:: Dataset content

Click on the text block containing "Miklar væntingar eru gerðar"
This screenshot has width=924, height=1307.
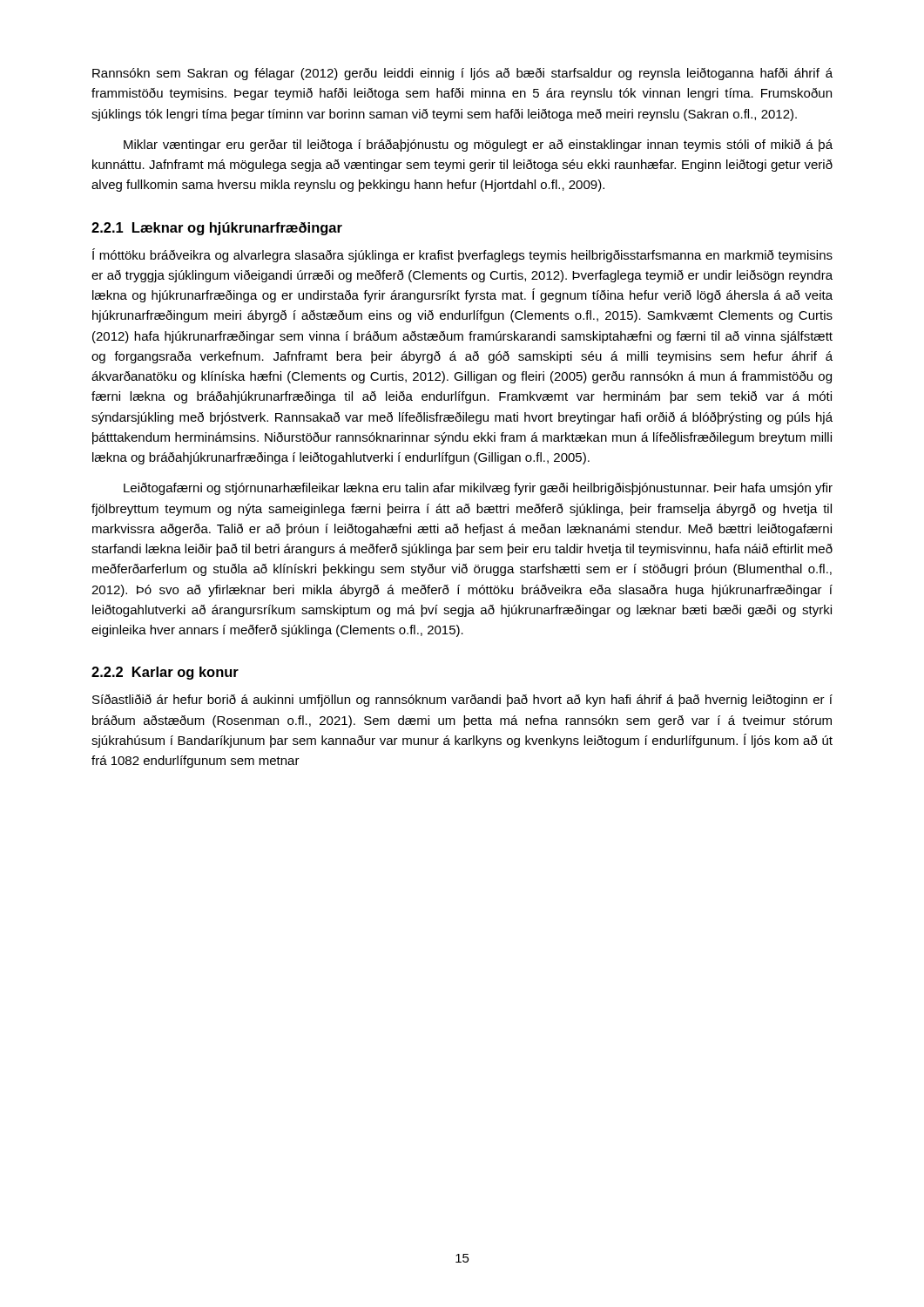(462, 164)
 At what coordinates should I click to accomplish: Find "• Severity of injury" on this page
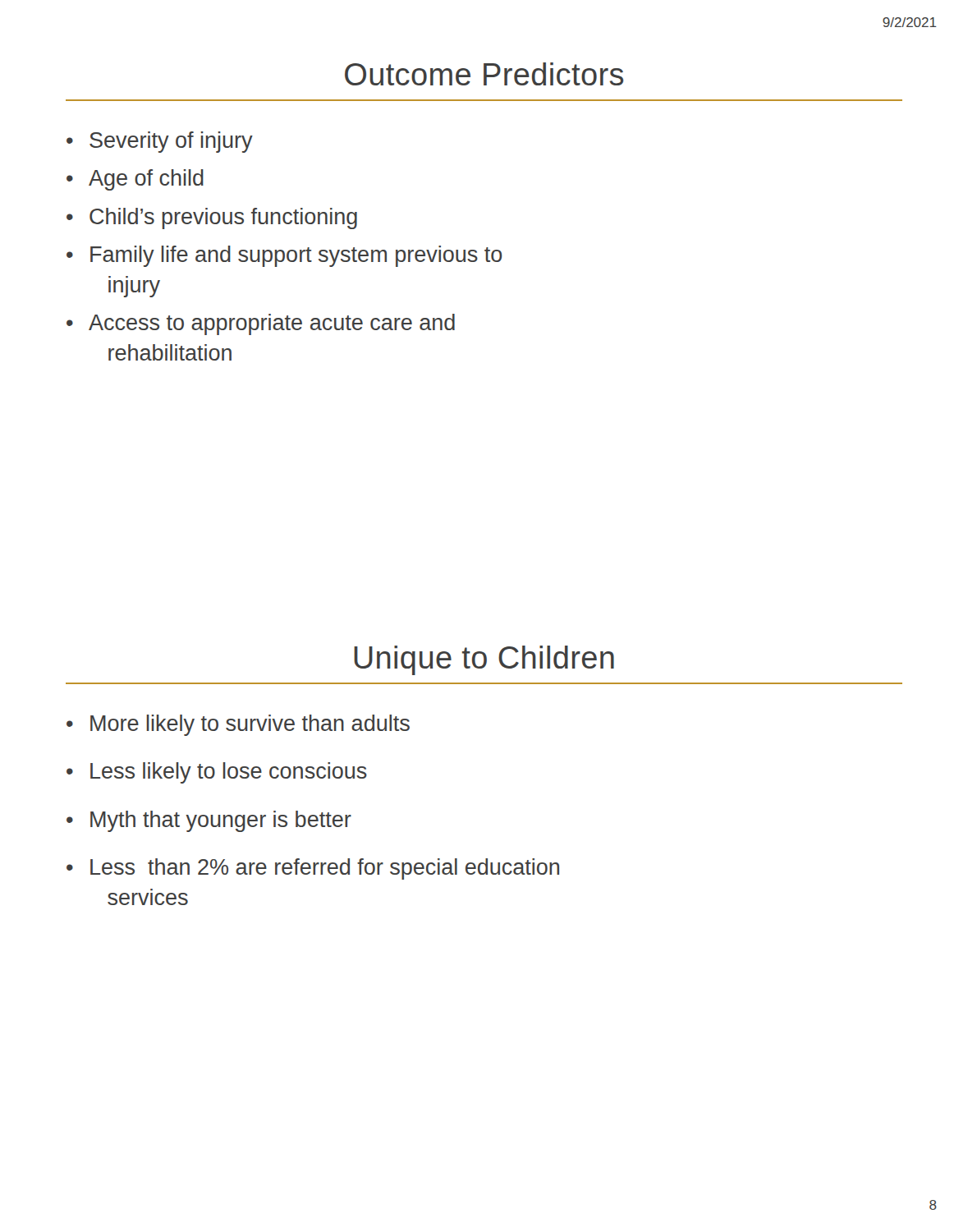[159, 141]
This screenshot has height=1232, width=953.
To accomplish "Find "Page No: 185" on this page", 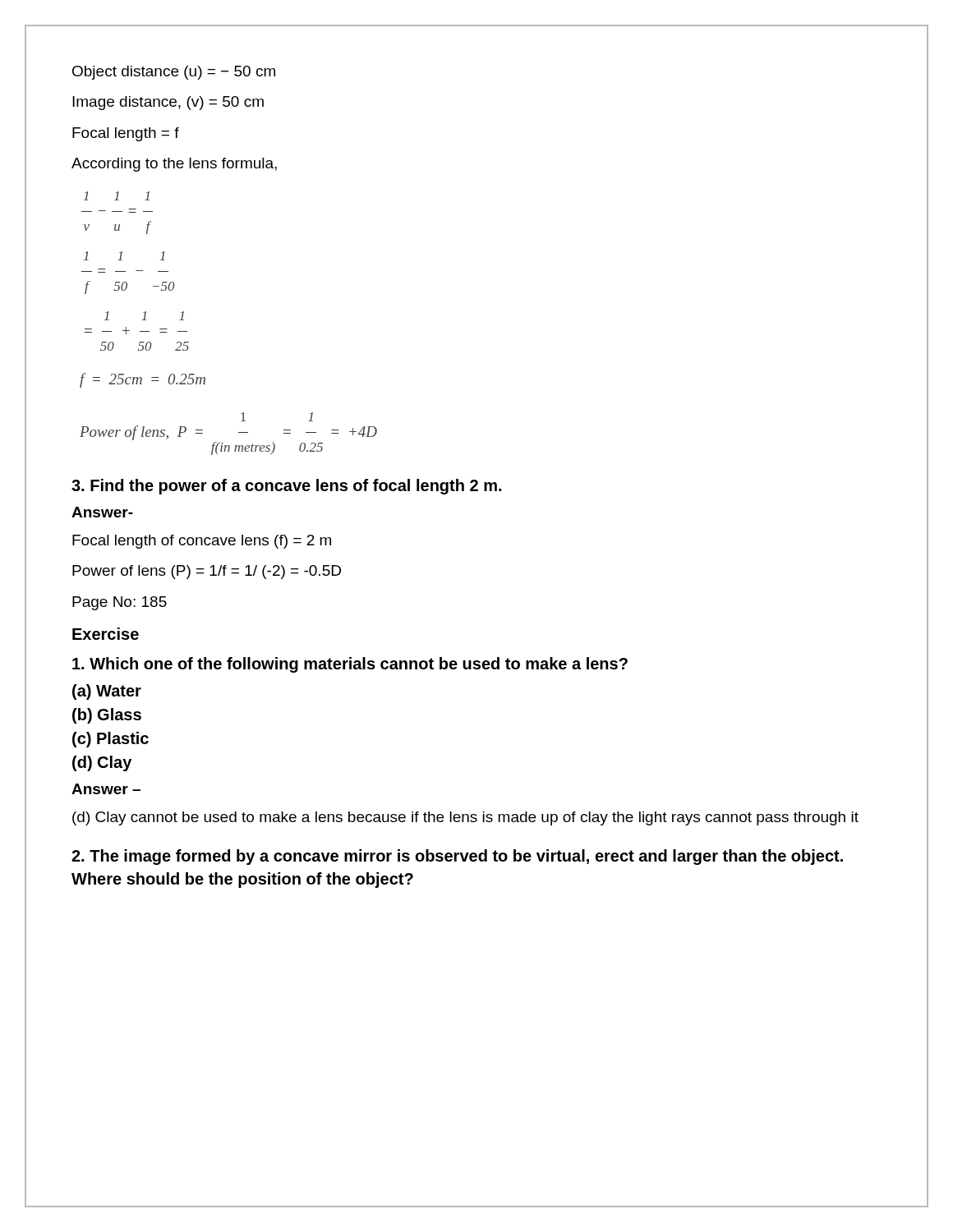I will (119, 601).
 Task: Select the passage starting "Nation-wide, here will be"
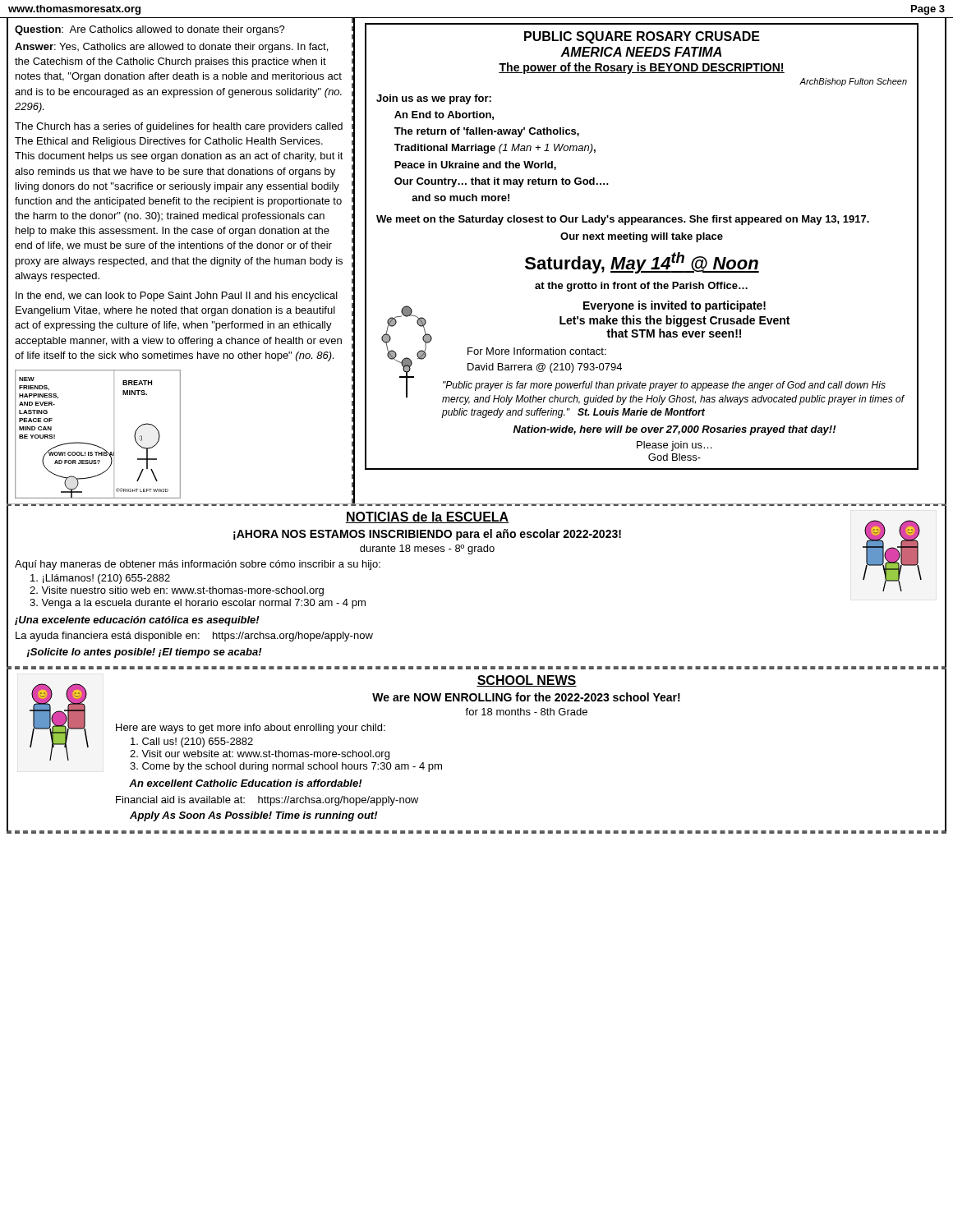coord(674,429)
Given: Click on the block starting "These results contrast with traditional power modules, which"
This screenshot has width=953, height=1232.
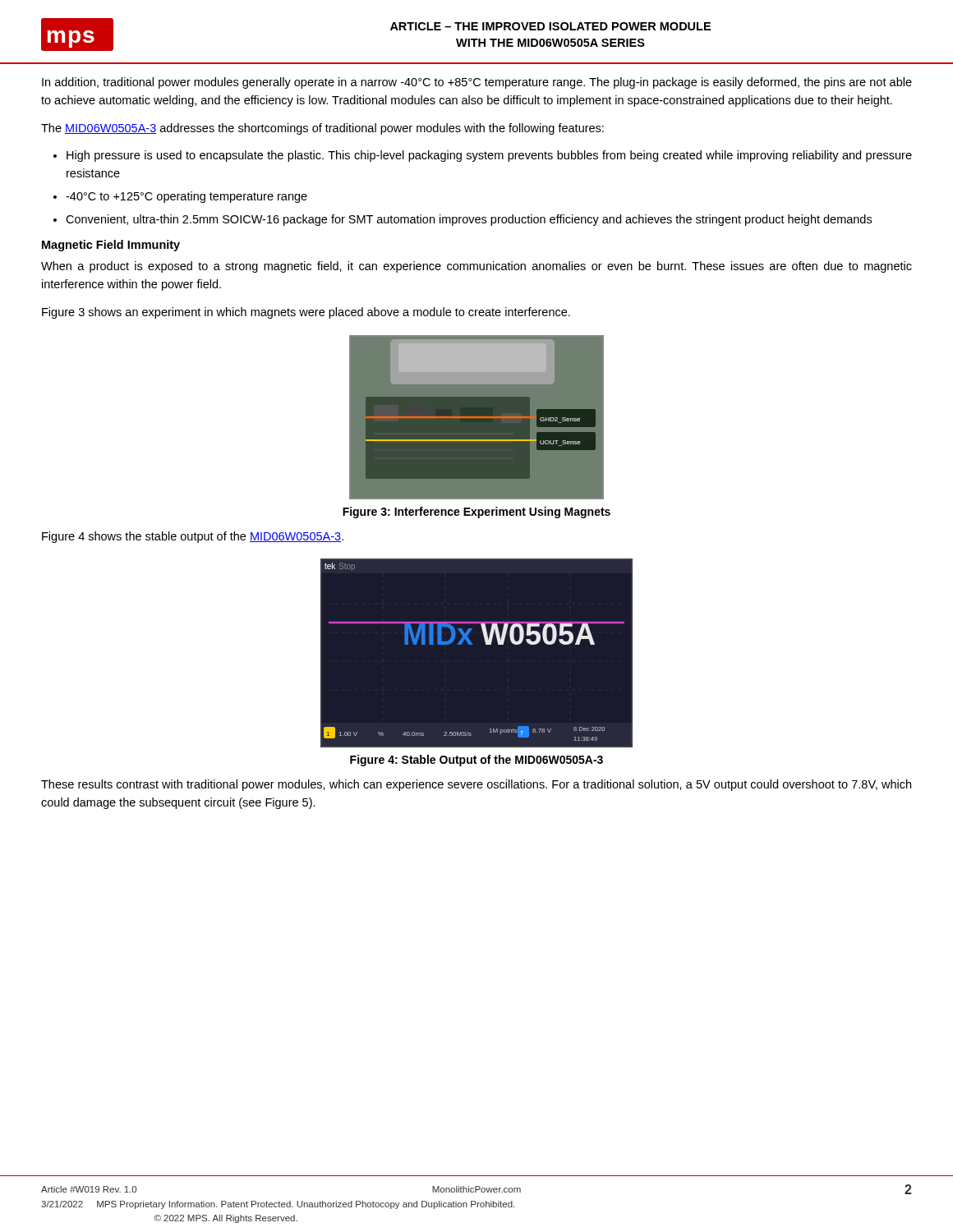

::::

— Problem to solve —
Using the listing above, gather each line that holds the string "block" and copy it.

— Reply —
Click on the text block containing "Miklar væntingar eru gerðar"
Given: Click on the block starting "These results contrast with traditional power modules, which"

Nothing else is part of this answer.